Иньяцио оставил только одну вещь из старой лавки – весы, те самые, которыми пользовался его брат с первых дней работы.
Пусть будут, чтобы помнить, кто он, как все начиналось.
За дверью шум: это любопытные горожане и подосланные знатью слуги, им не терпится заглянуть внутрь, увидеть, как изменилась лавка. Конечно, всем хочется узнать, что устроил этот переселенец из Баньяры, и лица их выдают. Иньяцио даже нравится наблюдать, как они терзаются любопытством и сомнениями.

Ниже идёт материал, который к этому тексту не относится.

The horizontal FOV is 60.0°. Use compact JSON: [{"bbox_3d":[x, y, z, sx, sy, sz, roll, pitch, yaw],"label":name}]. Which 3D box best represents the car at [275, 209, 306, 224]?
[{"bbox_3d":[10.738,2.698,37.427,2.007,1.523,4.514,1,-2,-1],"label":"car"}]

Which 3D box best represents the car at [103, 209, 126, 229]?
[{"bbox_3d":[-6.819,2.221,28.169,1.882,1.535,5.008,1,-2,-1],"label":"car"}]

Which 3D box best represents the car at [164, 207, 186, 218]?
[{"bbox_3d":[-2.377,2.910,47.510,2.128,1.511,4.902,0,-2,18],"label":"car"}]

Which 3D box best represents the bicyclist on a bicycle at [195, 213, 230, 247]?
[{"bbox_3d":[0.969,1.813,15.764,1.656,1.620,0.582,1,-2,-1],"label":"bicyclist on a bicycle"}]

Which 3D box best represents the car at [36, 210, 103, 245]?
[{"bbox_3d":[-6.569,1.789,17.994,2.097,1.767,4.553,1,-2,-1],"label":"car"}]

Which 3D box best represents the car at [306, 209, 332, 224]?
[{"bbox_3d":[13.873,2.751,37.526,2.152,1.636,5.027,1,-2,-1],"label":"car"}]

Они никогда не признают, что это зависть и восхищение вынуждают их толпиться, ждать под дверями магазина.
Ему не терпится лично увидеть тех, кто не забывал вставлять ему палки в колеса. Теперь его ход, игра не только против Канцонери и Сагуто – против всех торговцев приправами в Палермо, а они уже интересуются, ропщут, беспокоятся.

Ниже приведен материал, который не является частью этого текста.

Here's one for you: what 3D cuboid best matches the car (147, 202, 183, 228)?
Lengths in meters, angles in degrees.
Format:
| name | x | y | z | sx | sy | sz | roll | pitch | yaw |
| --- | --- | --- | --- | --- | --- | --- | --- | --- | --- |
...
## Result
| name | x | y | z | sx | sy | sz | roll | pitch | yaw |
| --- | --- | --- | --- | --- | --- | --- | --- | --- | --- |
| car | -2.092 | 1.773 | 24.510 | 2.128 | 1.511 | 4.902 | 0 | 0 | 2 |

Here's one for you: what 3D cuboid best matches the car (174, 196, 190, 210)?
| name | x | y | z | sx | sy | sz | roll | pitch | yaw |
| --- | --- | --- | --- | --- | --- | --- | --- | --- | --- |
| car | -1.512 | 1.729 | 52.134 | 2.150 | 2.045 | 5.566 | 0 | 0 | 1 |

Потому что Флорио теперь не просто лавочники. Они – коммерсанты, и могут сказать это с гордо поднятой головой.
Дверь открывается. Кто-то входит.
Иньяцио оборачивается.
Это Джузеппина.
– Ох… как красиво! – Джузеппина от удивления приоткрыла рот. Складка между бровями разглаживается. Рука в перчатке скользит по темному платью. – Я и не думала, что все так изменится!
Она тоже изменилась.
Когда пришли благополучные времена, у нее появились горничные и служанки, наряды, сшитые у портнихи, а не штопанные при свечах, новые туфли и пальто. Стал богаче и разнообразнее стол, для всех, и для Виктории, которая пока живет с ними, но все чаще заговаривает о том, что хотела бы иметь свою семью. И дело даже не в нарядных платьях, не в руках, которые больше не болят от тяжелой работы по дому.

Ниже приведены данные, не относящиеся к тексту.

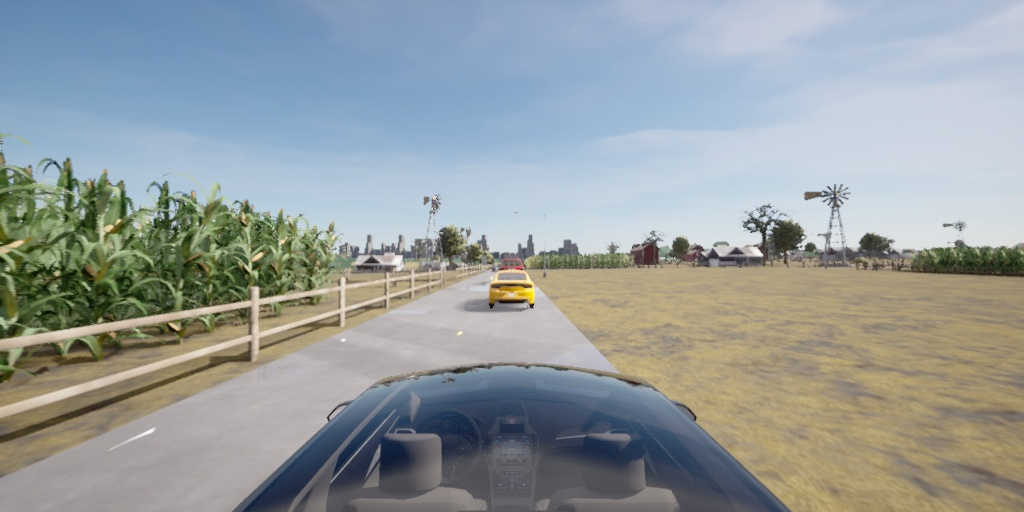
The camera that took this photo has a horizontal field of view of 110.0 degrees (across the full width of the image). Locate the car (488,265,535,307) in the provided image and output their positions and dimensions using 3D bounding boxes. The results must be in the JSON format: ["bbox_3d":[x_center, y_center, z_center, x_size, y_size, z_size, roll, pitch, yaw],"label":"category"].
[{"bbox_3d":[-0.012,1.378,16.327,1.882,1.535,5.008,0,0,0],"label":"car"}]

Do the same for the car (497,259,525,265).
[{"bbox_3d":[-0.034,1.291,30.877,2.150,2.045,5.566,0,-1,0],"label":"car"}]

Глаза Джузеппины засияли новым светом. Она выглядит умиротворенной.
Иньяцио смотрит, как она ходит по магазину: прикасается к шкафам, открывает дверцы, нюхает специи.
Она поднимает голову, улыбается ему.
Он не может оторвать от нее взгляда.
– Прекрасная работа, да, – негромко говорит она.
Ему хотелось бы прикоснуться к ее щеке, почувствовать ее тепло. Но он стоит неподвижно, скрестив руки на груди, стараясь не помять сюртук, который он заказал у портного специально для этого события. Те, кто войдет в магазин, должны сразу понять, что здесь больше нет лавочников в нарукавниках.
Вдруг вбегает Винченцо.
– Мама! Дядя! Почему вы ушли без меня?
Он высокий, даже выше своих сверстников. Ему всего одиннадцать, но его можно принять за подростка.
Иньяцио проводит рукой по его волосам.
– Мы никуда не ушли. Главная вещь, которую я хотел вам показать, – в конторе. Краска еще сохнет.
Он идет впереди по коридору, ведущему в контору. На новых столах – новенькие чернильницы, бумага.
Иньяцио указывает на длинную деревянную вывеску, она лежит на полу в дальнем конце комнаты. Краски яркие, еще свежие. Внизу тонкой кистью выведено имя художника, хорошо известного в Кастелламмаре, – Сальваторе Бургарелло.
– Он закончил ее только сегодня утром. Просил, чтобы сохла где-нибудь подальше от солнца, иначе краски растрескаются.
Джузеппина приложила руку к губам, как будто сдерживая возглас.
МАГАЗИН КОЛОНИАЛЬНЫХ ТОВАРОВ ИНЬЯЦИО И ВИНЧЕНЦО ФЛОРИО
Винченцо переводит взгляд с вывески на дядю:
– Ты решил написать и мое имя! Почему?
– Потому что ты мой племянник и наследник своего отца. – Иньяцио обнимает его за плечи.
И еще потому, думает он с нежностью, что ты мой сын, не по плоти, а по духу.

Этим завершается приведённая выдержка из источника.